Vassily at last agreed. This took place on Monday. The idea occurred to
Vassily to replace the money taken out with broken bits of crockery. He
reckoned on Ivan Andreevitch's tapping the bags with his stick, and not
noticing the hardly perceptible difference in the sound, and by Saturday
he hoped to obtain and to replace the sum in the coffer. As he planned,
so he did. His father did not, in fact, notice anything. But by Saturday
Vassily had not procured the money; he had hoped to win the sum from a
rich neighbour at cards, and instead of that, he lost it all. Meantime,
Saturday had come; it came at last to the turn of the bags filled with
broken crocks. Picture, gentlemen, the amazement of Ivan Andreevitch!

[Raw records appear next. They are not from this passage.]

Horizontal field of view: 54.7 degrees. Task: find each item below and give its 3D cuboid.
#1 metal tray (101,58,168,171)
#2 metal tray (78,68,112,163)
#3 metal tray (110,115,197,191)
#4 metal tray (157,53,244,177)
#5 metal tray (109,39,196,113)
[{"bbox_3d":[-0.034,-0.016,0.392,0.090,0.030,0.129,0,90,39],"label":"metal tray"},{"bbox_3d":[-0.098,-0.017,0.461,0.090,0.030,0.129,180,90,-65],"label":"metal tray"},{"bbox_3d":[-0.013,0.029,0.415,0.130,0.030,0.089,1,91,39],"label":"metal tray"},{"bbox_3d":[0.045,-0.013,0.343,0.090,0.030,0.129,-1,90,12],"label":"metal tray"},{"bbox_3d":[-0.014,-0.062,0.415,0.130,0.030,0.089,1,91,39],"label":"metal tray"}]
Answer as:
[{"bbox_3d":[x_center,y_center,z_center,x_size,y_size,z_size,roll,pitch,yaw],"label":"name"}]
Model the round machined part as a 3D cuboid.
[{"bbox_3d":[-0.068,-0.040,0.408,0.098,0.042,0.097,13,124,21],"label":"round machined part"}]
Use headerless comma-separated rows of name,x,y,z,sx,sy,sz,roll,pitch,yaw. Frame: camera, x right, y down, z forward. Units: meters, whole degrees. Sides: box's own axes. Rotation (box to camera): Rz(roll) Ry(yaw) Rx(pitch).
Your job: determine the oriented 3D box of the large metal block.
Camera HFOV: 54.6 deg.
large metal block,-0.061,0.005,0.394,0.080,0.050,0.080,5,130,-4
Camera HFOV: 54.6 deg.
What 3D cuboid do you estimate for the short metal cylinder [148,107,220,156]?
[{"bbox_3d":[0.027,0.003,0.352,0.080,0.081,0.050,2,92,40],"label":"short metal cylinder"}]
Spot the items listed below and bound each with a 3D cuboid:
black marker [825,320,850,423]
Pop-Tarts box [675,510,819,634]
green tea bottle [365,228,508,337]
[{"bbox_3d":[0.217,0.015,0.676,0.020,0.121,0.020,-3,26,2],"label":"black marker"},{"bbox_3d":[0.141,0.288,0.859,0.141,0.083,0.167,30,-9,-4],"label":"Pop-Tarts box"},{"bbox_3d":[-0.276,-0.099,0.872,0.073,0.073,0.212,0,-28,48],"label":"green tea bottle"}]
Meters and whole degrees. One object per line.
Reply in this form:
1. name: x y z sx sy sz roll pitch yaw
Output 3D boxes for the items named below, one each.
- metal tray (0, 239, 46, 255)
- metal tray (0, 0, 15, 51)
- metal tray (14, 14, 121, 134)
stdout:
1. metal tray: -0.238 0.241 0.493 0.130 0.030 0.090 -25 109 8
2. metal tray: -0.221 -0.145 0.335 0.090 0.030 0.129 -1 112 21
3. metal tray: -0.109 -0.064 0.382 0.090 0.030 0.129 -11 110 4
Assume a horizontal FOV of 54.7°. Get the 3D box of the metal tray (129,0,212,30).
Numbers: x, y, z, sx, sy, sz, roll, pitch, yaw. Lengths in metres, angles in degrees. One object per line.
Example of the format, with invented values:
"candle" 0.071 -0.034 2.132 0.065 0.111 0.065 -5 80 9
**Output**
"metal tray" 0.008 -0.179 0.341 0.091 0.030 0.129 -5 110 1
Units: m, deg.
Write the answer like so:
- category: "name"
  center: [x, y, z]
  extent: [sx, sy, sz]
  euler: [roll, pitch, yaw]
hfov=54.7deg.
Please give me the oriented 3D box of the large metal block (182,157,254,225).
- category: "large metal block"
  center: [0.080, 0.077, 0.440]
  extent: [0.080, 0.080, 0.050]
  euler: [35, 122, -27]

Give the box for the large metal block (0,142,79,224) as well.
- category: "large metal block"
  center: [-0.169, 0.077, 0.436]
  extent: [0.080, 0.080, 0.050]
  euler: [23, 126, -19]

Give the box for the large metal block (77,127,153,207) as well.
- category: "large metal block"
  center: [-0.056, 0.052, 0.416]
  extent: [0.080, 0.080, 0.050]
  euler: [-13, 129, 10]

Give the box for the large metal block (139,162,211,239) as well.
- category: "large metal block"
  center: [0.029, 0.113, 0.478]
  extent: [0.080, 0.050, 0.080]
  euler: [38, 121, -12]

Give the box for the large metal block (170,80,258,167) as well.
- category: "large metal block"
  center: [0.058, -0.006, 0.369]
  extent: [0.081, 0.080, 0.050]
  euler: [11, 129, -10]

'What does this mean?' he thundered. Yuditch was silent.

'You stole the money?'

'No, sir.'

'Then some one took the key from you?'

'I didn't give the key to any one.'

'Not to any one? Well then, you are the thief. Confess!'

'I am not a thief, Ivan Andreevitch.'

'Where the devil did these potsherds come from then? So you're deceiving
me! For the last time I tell you--confess!' Yuditch bowed his head and
folded his hands behind his back.

'Hi, lads!' shrieked Ivan Andreevitch in a voice of frenzy. 'A stick!'

'What, beat... me?' murmured Yuditch.

'Yes, indeed! Are you any better than the rest? You are a thief! O
Yuditch! I never expected such dishonesty of you!'

'I have grown grey in your service, Ivan Andreevitch,' Yuditch
articulated with effort.

'What have I to do with your grey hairs? Damn you and your service!'

The servants came in.

'Take him, do, and give it him thoroughly.' Ivan Andreevitch's lips were
white and twitching. He walked up and down the room like a wild beast in
a small cage.

The servants did not dare to carry out his orders.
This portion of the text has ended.